# Lineage Workflow Through Query Logs

In order to extract lineage information, OpenMetadata parses the queries that have run against the database. This query
log information is available from WITHIN the database in the following services:

- [BigQuery](/connectors/database/bigquery)
- [Snowflake](/connectors/database/snowflake)
- [MSSQL](/connectors/database/mssql)
- [Redshift](/connectors/database/redshift)
- [Clickhouse](/connectors/database/clickhouse)
- [Databricks](/connectors/database/databricks)
- [PostgreSQL](/connectors/database/postgres)

If you are using any other database connector, direct execution of lineage workflow is not possible. 
This is mainly because these database connectors does not maintain query execution logs which is required for lineage workflow. 

If you are interested in running the lineage workflow for a connector not listed above, this documentation will help
you to execute the lineage workflow using a query log file. This can be arbitrarily executed for **any** database connector.

## Query Log File

A query log file is a standard CSV file which contains the following information.

{% note %}

A standard CSV should be comma separated, and each row represented as a single line in the file.

{% /note %}

- **query_text:** This field contains the literal query that has been executed in the database. It is quite possible
    that your query has commas `,` inside. Then, wrap each query in quotes to not have any clashes
    with the comma as a separator.
- **database_name (optional):** Enter the database name on which the query was executed.
- **schema_name (optional):** Enter the schema name to which the query is associated.

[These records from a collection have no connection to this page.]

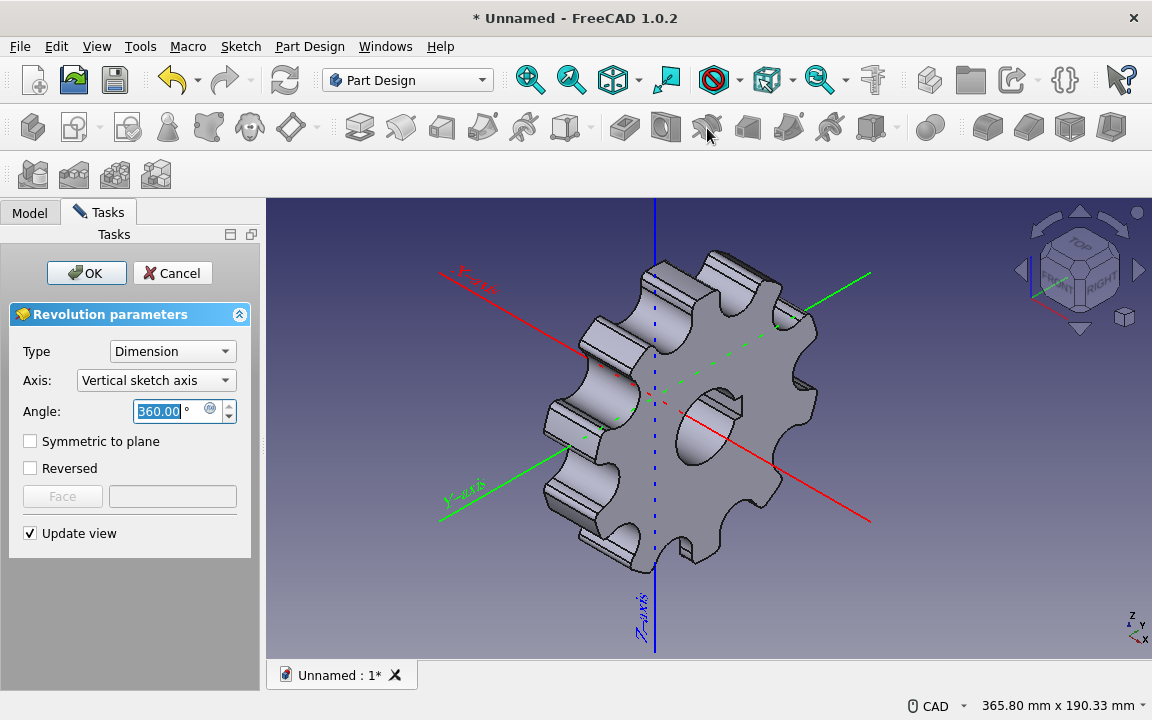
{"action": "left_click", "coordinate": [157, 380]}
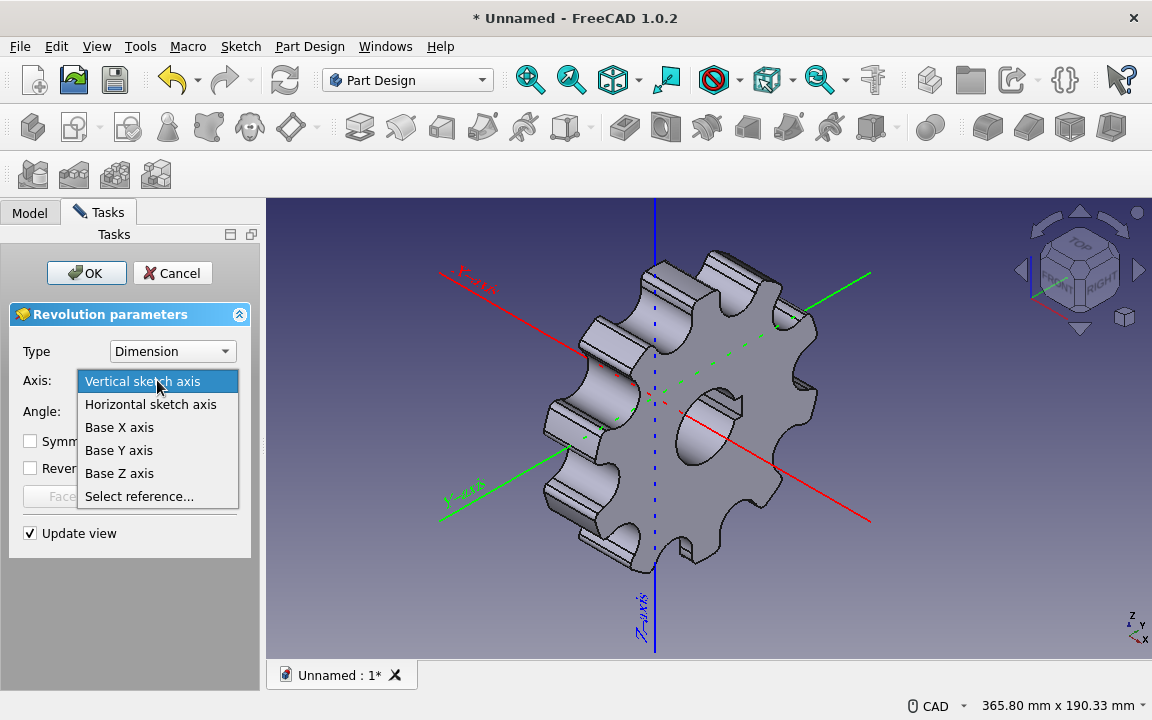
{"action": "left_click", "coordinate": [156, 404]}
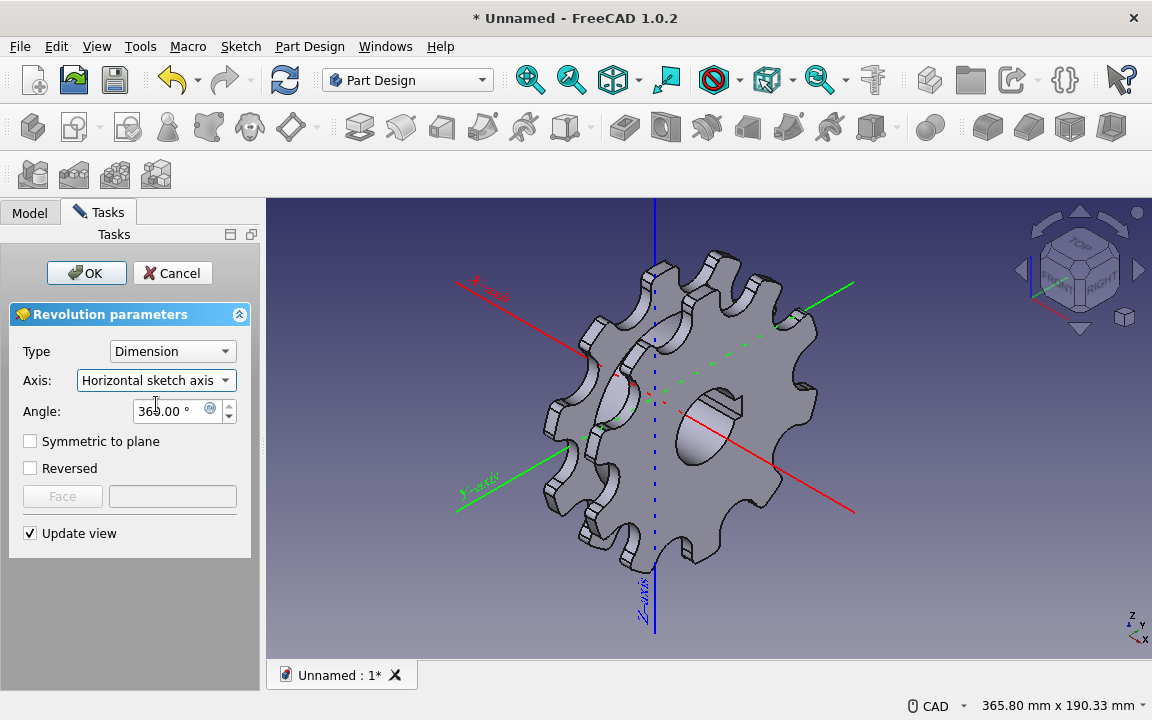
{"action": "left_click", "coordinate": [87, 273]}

Checkout a sample query log file [here](https://github.com/open-metadata/OpenMetadata/blob/main/ingestion/examples/sample_data/glue/query_log.csv).

```csv
query_text,database_name,schema_name
"select * from sales",default,information_schema
"select * from marketing",default,information_schema
"insert into marketing select * from sales",default,information_schema
```

## Lineage Workflow
In order to run a Lineage Workflow we need to make sure that Metadata Ingestion Workflow for corresponding service has already been executed. We will follow the steps to create a JSON configuration able to collect the query log file and execute the lineage workflow.

### 1. Create a configuration file using template YAML

Create a new file called `query_log_lineage.yaml` in the current directory. Note that the current directory should be the openmetadata directory.
Copy and paste the configuration template below into the `query_log_lineage.yaml` the file you created. 

```yaml
source:
  type: query-log-lineage
  serviceName: <name>
  sourceConfig:
    config:
      type: DatabaseLineage
      queryLogFilePath: <path to query log file>
sink:
  type: metadata-rest
  config: {}
workflowConfig:
  loggerLevel: INFO
  openMetadataServerConfig:
    hostPort: <OpenMetadata host and port>
    authProvider: <OpenMetadata auth provider>
    securityConfig:
      jwtToken: "{bot_jwt_token}"
```

The `serviceName` should be a service already ingested in OpenMetadata.
- **queryLogFilePath**: Enter the file path of query log csv file.

### 2. Run with the CLI

First, we will need to save the YAML file. Afterward, and with all requirements installed, we can run:

```yaml
metadata ingest -c <path-to-yaml>
```

Note that from connector-to-connector, this recipe will always be the same. By updating the YAML configuration, you will be able to extract metadata from different sources.


Capture lineage from query logs to build detailed, query-driven data flow between tables, dashboards, and metrics.